"""

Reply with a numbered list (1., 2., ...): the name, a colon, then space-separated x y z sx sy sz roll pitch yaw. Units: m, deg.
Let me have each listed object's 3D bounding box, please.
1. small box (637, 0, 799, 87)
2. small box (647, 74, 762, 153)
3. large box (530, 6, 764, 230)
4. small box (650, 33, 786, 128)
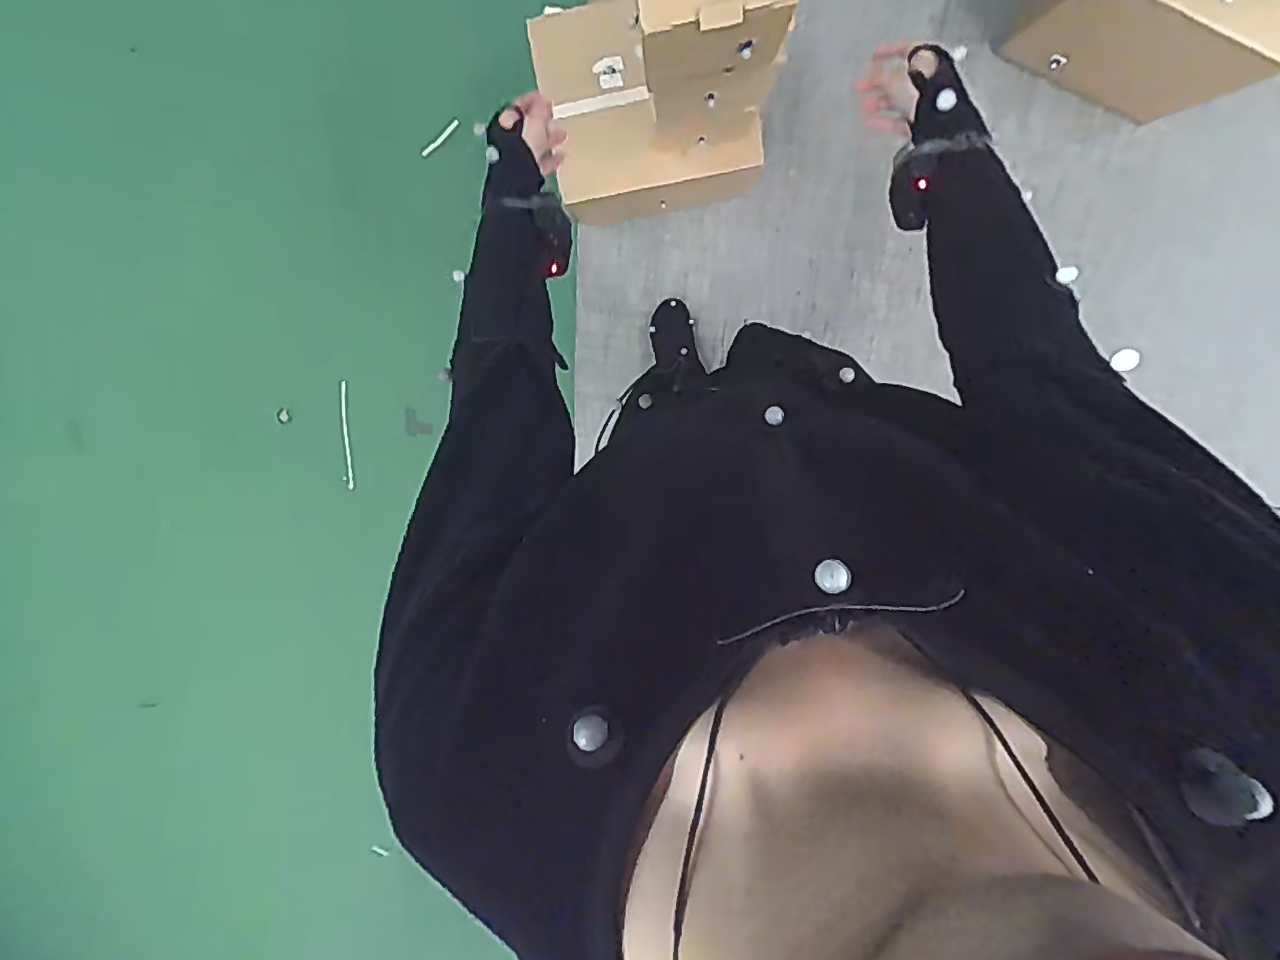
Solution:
1. small box: 0.076 -0.576 0.608 0.168 0.176 0.179 -7 107 5
2. small box: 0.103 -0.677 0.918 0.179 0.176 0.168 -4 107 4
3. large box: 0.027 -0.753 1.155 0.408 0.320 0.320 -9 106 6
4. small box: 0.097 -0.626 0.762 0.179 0.176 0.168 -8 107 7

"""

_Exercise objective_.
Your answer must be the lines from the one containing "Let me have" through the last line of the listing above, restated word for word, with no pictures.

_Solution below_.
Let me have each listed object's 3D bounding box, please.
1. small box (637, 0, 799, 87)
2. small box (647, 74, 762, 153)
3. large box (530, 6, 764, 230)
4. small box (650, 33, 786, 128)
Solution:
1. small box: 0.076 -0.576 0.608 0.168 0.176 0.179 -7 107 5
2. small box: 0.103 -0.677 0.918 0.179 0.176 0.168 -4 107 4
3. large box: 0.027 -0.753 1.155 0.408 0.320 0.320 -9 106 6
4. small box: 0.097 -0.626 0.762 0.179 0.176 0.168 -8 107 7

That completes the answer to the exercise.